[Imc] Talk on the US military, etc.

C. G. Estabrook galliher at alexia.lis.uiuc.edu
Tue Oct 30 19:49:59 UTC 2001


John--

I'm not sure the minority is that tiny, in spite of the poll in the
morning's NYT.  Or rather it's potentially much larger, as the US
government (and the people it works for) knows and fears.  At least since
the Creel Commission in WWI, the USG has spent a great deal of effort and
money in the "manufacture of consent," in the phrase from Walter Lippmann
(a member of that Commission).

The ideological institutions in this country -- media, universities --
don't suppress information so much as teach people how to think about it.
The anti-war movement of the 1960s first had to overcome a generation (ca.
1940-65) of intense propaganda before it could begin to see what was going
on in Vietnam.  Ambrose Bierce said a century ago, "War is God's way of
teaching Americans geography" -- and history and politics as well.
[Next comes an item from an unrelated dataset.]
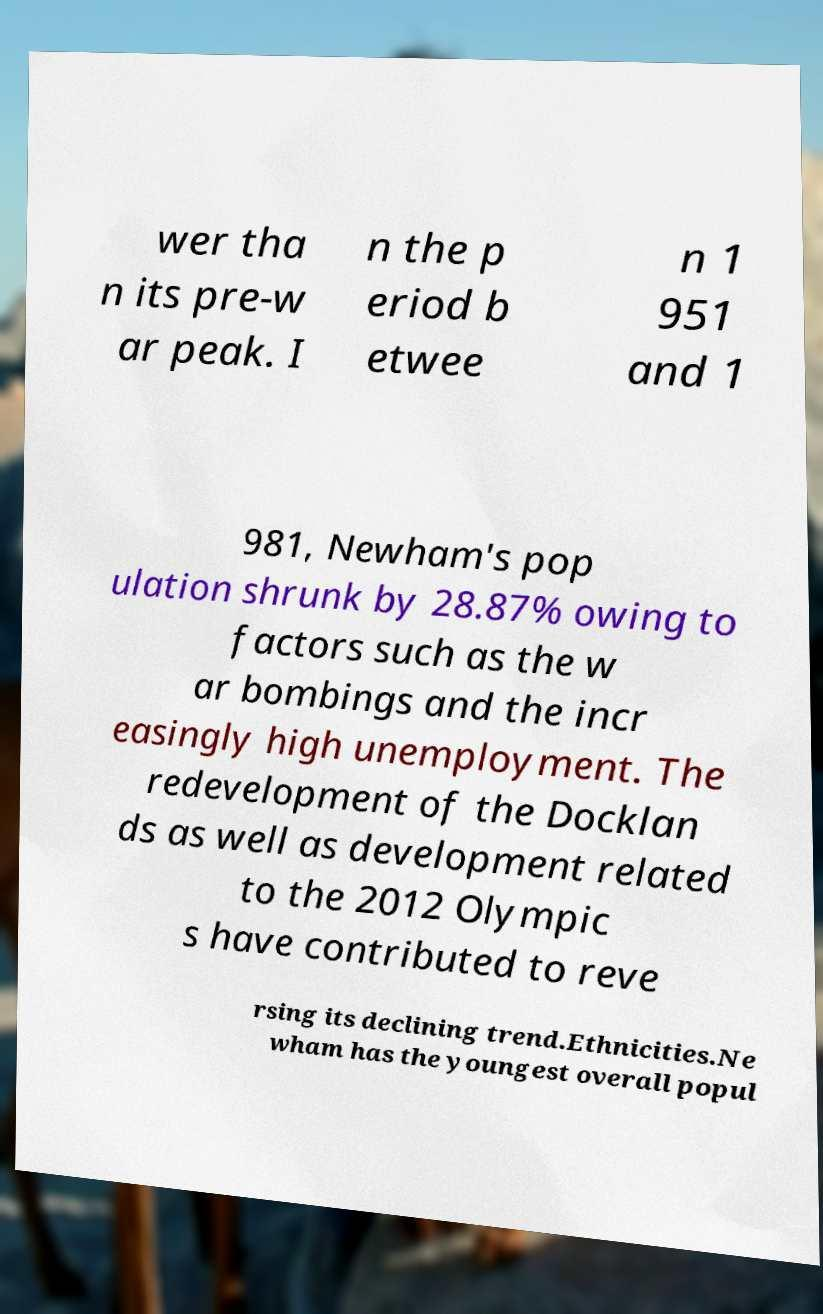For documentation purposes, I need the text within this image transcribed. Could you provide that? wer tha n its pre-w ar peak. I n the p eriod b etwee n 1 951 and 1 981, Newham's pop ulation shrunk by 28.87% owing to factors such as the w ar bombings and the incr easingly high unemployment. The redevelopment of the Docklan ds as well as development related to the 2012 Olympic s have contributed to reve rsing its declining trend.Ethnicities.Ne wham has the youngest overall popul

The current anti-war movement again has to cast off a generation of
intense propagandizing in the wake of Vietnam (ca. 1975-present).  But our
elites know and fear that it can be done.  "...this will be the most
secret war ever ... secret from those our government fears most -- the US
public ... people are not fools.  As in Vietnam, when the American people
come to know what is being done in their name, they are horrified."
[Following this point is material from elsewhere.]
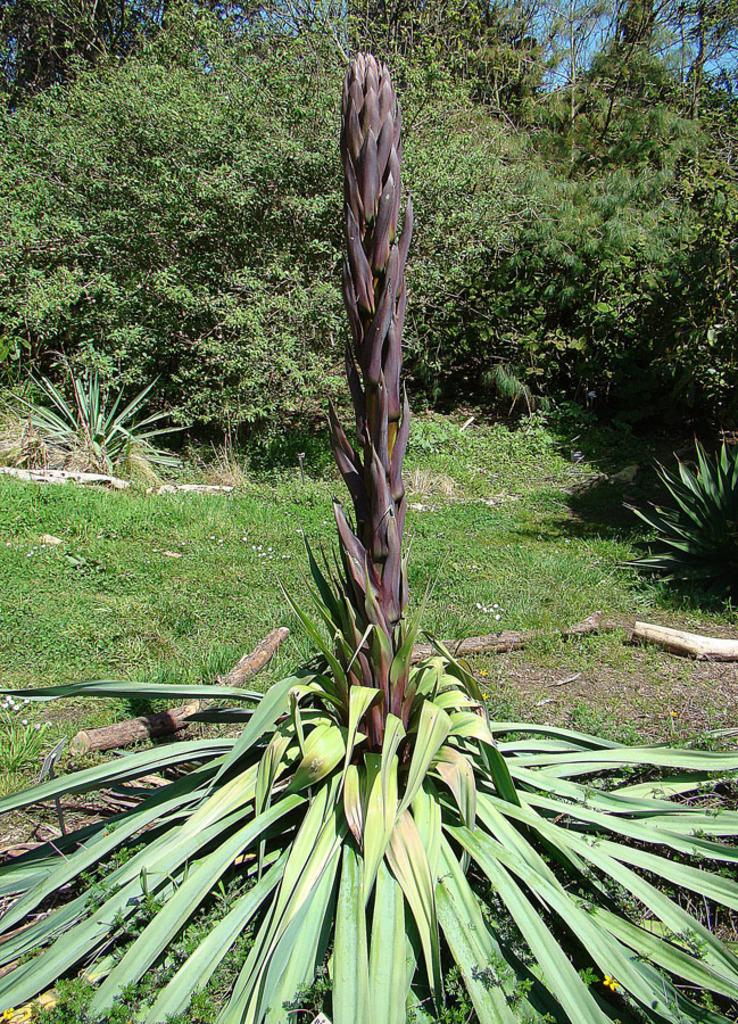What is located in the front of the image? There is a plant in the front of the image. What can be seen in the background of the image? There are trees and grass in the background of the image. What is visible at the top of the image? The sky is visible at the top of the image. What type of meal is being prepared in the image? There is no meal preparation visible in the image; it primarily features a plant, trees, grass, and the sky.

That's why, of course, what the IMC does is important.  Regards, Carl


On Tue, 30 Oct 2001, John Wason wrote:
> 
> This is a pretty cogent analysis, Carl.  Unfortunately, even though
> YOU have learned something from history, you're condemned to repeat it
> right along with all the other moronic, evil motherfuckers who either
> (a) learned nothing, or (b) learned the wrong things.  It's hell being
> prescient and in such a tiny minority, isn't it?